• EXCERPTED DATA:
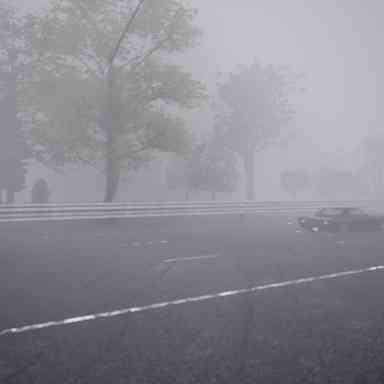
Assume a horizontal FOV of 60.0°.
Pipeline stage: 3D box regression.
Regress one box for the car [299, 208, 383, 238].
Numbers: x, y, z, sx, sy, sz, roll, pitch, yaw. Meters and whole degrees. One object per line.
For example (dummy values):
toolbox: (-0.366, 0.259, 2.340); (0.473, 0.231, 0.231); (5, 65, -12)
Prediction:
car: (7.629, 1.414, 16.316); (4.718, 1.301, 1.895); (0, 0, -27)
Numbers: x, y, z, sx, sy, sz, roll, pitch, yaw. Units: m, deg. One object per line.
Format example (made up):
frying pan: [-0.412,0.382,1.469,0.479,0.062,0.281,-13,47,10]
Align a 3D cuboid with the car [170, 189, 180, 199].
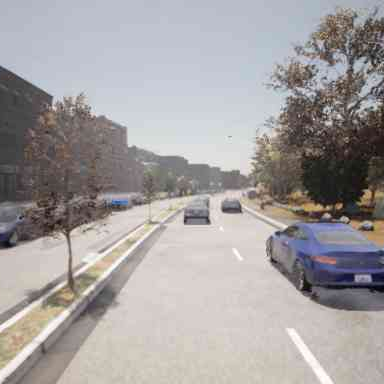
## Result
car: [-4.806,0.717,75.591,2.231,1.521,4.892,0,1,9]

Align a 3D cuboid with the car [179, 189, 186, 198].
car: [-3.929,0.393,81.066,2.435,2.045,5.566,0,1,10]

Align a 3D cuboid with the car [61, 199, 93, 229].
car: [-7.910,1.360,20.213,2.002,1.452,4.674,0,1,0]

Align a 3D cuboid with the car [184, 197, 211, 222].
car: [0.375,1.361,24.146,2.033,1.411,5.357,0,0,2]

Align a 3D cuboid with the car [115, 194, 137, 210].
car: [-7.823,1.161,36.756,2.097,1.535,5.008,0,1,1]

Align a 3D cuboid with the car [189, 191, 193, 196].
car: [-1.944,0.486,91.862,1.946,1.575,5.366,0,1,12]

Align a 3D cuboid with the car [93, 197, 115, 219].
car: [-7.881,1.270,25.764,2.231,1.521,4.892,0,1,0]

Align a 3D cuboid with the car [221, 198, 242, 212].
car: [4.003,1.293,34.173,1.994,1.385,4.181,0,1,3]

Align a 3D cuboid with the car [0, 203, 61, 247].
car: [-7.939,1.397,14.637,2.163,1.488,4.792,0,0,0]

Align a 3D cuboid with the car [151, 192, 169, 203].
car: [-6.219,0.846,64.355,1.946,1.575,5.366,0,1,7]

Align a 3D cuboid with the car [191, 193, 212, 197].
car: [1.321,1.199,41.542,2.033,1.411,5.357,0,1,4]

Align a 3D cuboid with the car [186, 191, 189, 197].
car: [-3.003,0.567,86.399,1.946,1.575,5.366,0,1,11]

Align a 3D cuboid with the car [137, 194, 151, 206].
car: [-7.584,1.087,46.351,2.163,1.488,4.792,0,1,3]

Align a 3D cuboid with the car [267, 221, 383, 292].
car: [3.255,1.465,8.620,1.812,1.442,4.674,0,0,0]
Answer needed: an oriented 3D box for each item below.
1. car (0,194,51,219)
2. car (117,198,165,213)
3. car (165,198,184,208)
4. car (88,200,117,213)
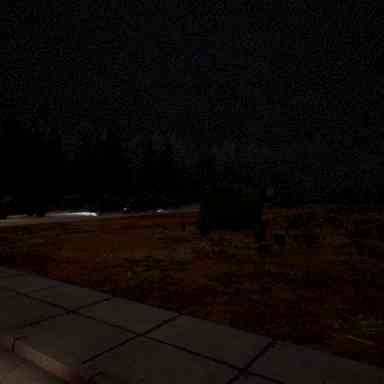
[{"bbox_3d":[-15.468,1.248,29.695,2.150,2.045,5.566,0,0,36],"label":"car"},{"bbox_3d":[-5.579,1.531,36.859,1.837,1.490,4.892,0,0,36],"label":"car"},{"bbox_3d":[-3.375,1.574,46.056,2.033,1.411,5.357,0,0,37],"label":"car"},{"bbox_3d":[-9.573,1.591,37.673,1.994,1.385,4.181,0,0,37],"label":"car"}]
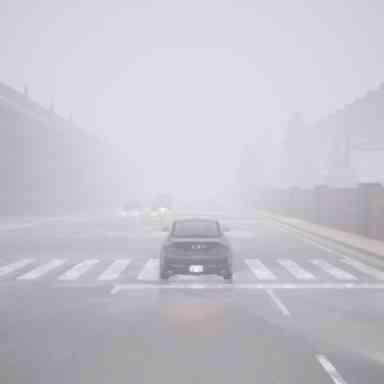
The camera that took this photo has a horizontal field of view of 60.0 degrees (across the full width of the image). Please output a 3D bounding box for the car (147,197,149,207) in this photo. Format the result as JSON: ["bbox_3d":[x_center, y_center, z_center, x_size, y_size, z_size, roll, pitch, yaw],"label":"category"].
[{"bbox_3d":[-7.171,1.437,49.741,1.882,1.535,5.008,0,0,-1],"label":"car"}]

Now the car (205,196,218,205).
[{"bbox_3d":[3.373,1.430,57.984,1.882,1.535,5.008,0,0,-1],"label":"car"}]

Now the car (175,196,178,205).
[{"bbox_3d":[-3.679,1.450,50.179,2.128,1.511,4.902,0,0,-1],"label":"car"}]

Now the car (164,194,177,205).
[{"bbox_3d":[-3.789,1.304,59.416,2.097,1.767,4.553,0,0,-1],"label":"car"}]

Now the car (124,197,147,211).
[{"bbox_3d":[-7.020,1.568,40.364,1.895,1.301,4.718,0,0,-1],"label":"car"}]

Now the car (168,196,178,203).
[{"bbox_3d":[-3.925,1.531,69.317,1.895,1.301,4.718,0,0,-1],"label":"car"}]

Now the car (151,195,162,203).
[{"bbox_3d":[-7.437,1.418,69.964,1.882,1.535,5.008,0,0,-1],"label":"car"}]

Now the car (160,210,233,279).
[{"bbox_3d":[0.120,1.496,9.966,1.837,1.490,4.892,0,0,0],"label":"car"}]

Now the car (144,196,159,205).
[{"bbox_3d":[-7.281,1.498,59.698,2.033,1.411,5.357,0,0,0],"label":"car"}]

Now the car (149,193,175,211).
[{"bbox_3d":[-3.512,1.188,40.300,2.150,2.045,5.566,0,0,-1],"label":"car"}]
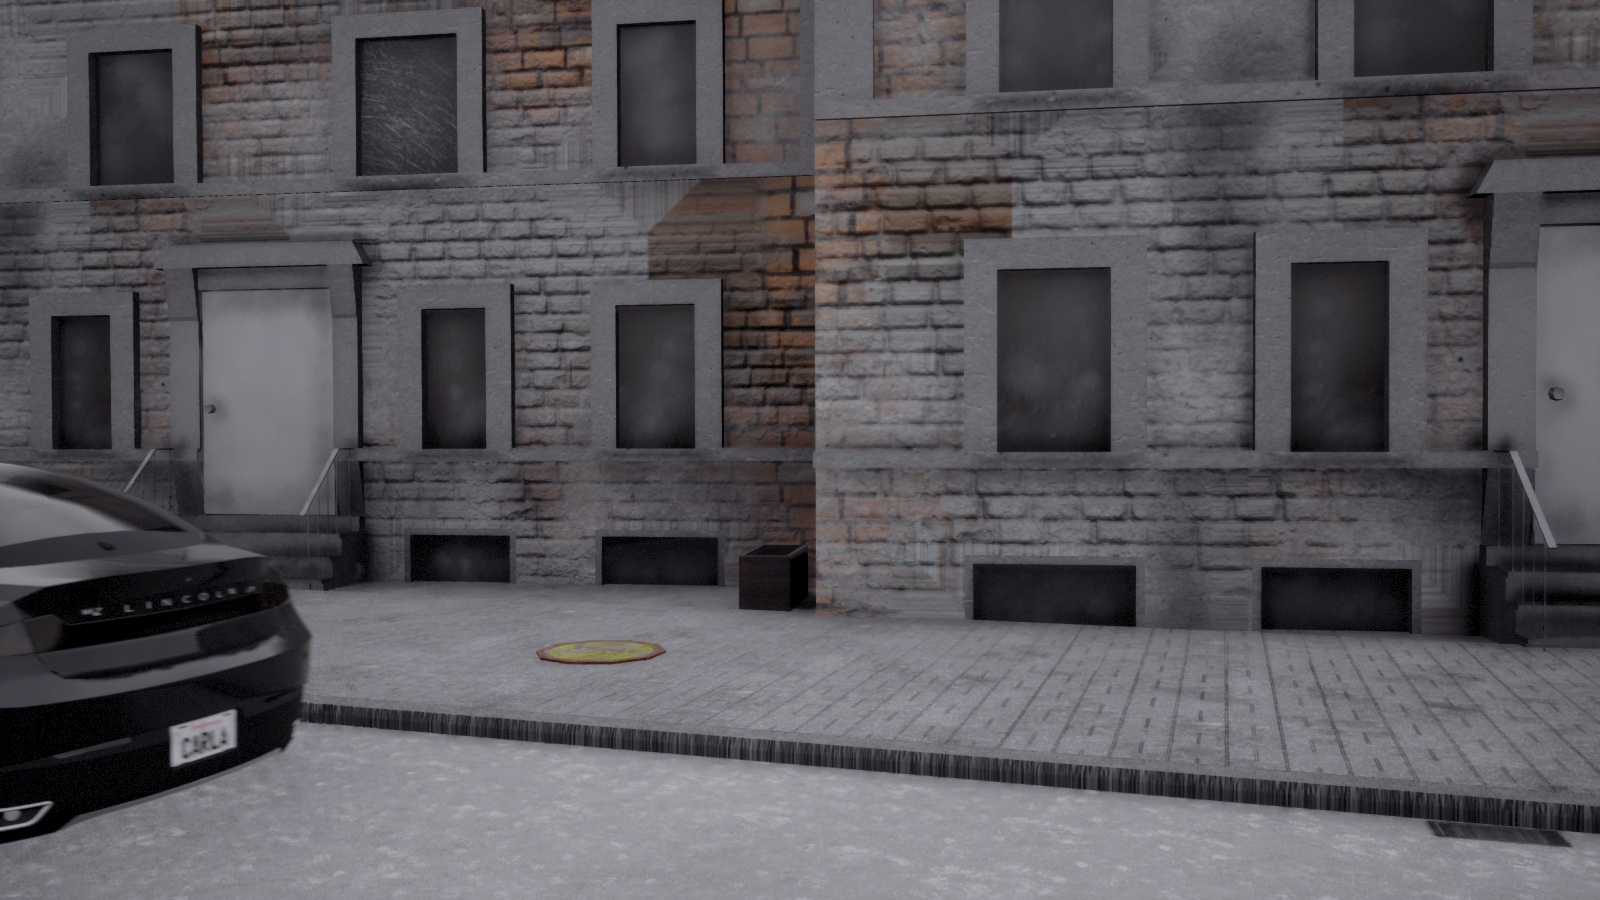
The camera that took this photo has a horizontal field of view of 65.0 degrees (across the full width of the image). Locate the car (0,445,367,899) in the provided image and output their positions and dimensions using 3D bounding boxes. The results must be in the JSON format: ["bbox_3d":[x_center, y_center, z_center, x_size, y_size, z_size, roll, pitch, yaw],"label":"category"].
[{"bbox_3d":[-4.444,0.731,5.215,4.892,1.490,1.837,1,1,19],"label":"car"}]
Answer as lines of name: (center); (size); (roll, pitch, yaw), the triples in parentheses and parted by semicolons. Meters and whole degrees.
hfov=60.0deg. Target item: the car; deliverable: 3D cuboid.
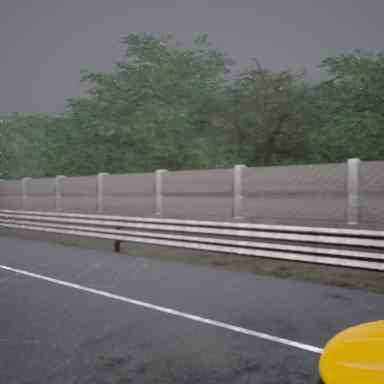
car: (3.263, 1.471, 1.673); (5.008, 1.535, 1.882); (0, 0, 35)
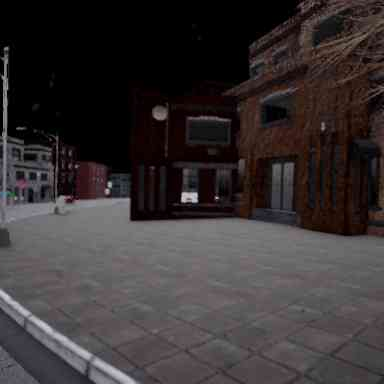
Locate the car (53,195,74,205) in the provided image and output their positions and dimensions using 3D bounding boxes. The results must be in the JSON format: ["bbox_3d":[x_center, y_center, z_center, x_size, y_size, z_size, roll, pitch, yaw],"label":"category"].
[{"bbox_3d":[-20.573,1.292,53.309,1.882,1.535,5.008,1,0,0],"label":"car"}]
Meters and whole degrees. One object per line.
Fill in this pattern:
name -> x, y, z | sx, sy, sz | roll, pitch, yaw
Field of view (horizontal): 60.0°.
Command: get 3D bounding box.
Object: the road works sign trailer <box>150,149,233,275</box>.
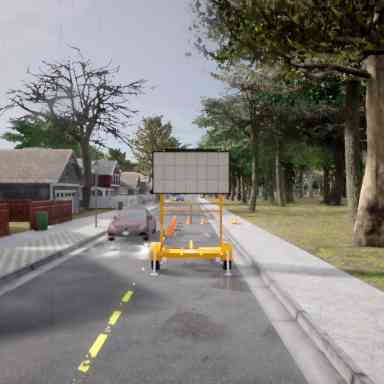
road works sign trailer -> -0.022, 0.464, 10.375 | 2.380, 3.560, 2.880 | 0, 0, 0

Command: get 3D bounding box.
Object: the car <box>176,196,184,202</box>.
car -> -2.927, 1.597, 80.845 | 2.033, 1.411, 5.357 | 0, 0, 0

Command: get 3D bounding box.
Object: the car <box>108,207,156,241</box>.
car -> -2.872, 1.526, 16.708 | 1.812, 1.442, 4.674 | 0, 0, 0
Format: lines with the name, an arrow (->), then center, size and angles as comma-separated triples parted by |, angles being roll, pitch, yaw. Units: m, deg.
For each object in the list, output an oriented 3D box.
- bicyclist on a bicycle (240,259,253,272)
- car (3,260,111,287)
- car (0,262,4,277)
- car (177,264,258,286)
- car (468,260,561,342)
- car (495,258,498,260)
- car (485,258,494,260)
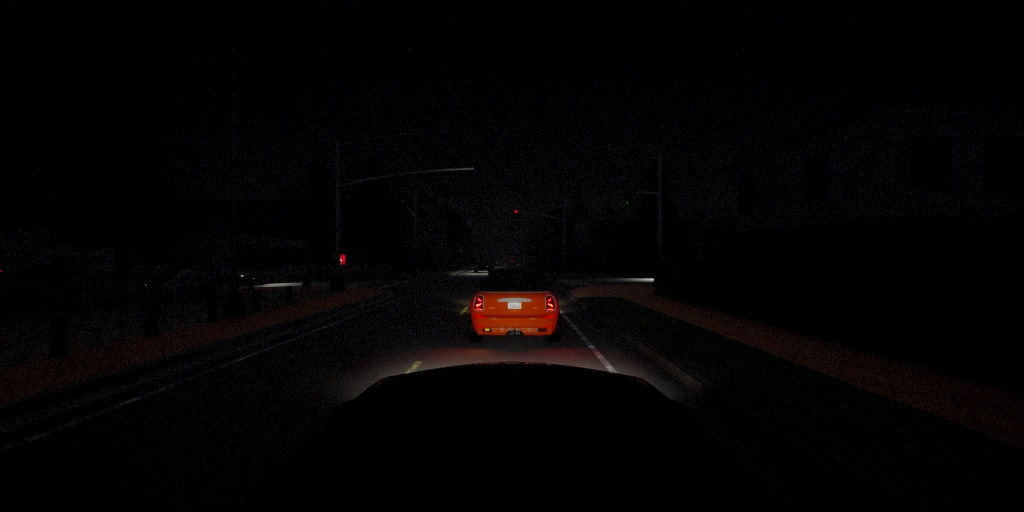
bicyclist on a bicycle -> -23.569, 1.066, 31.794 | 0.582, 1.620, 1.656 | 0, 0, -2
car -> -30.185, 1.243, 24.122 | 5.008, 1.535, 1.882 | 0, 0, -1
car -> -41.941, 1.329, 27.452 | 4.181, 1.385, 1.994 | 0, 0, -2
car -> -20.004, 1.291, 24.435 | 4.674, 1.442, 1.812 | 0, 0, -2
car -> 0.069, 1.102, 9.944 | 2.097, 1.767, 4.553 | 0, 0, 0
car -> -3.610, 1.241, 55.089 | 2.128, 1.511, 4.902 | 0, 0, 0
car -> -3.614, 1.227, 44.784 | 1.882, 1.535, 5.008 | 0, 0, 0

• AIM OF THE EXERCISE:
Using the records above, report the count of lines holding "name" and nothing else.

• ANSWER SPACE:
3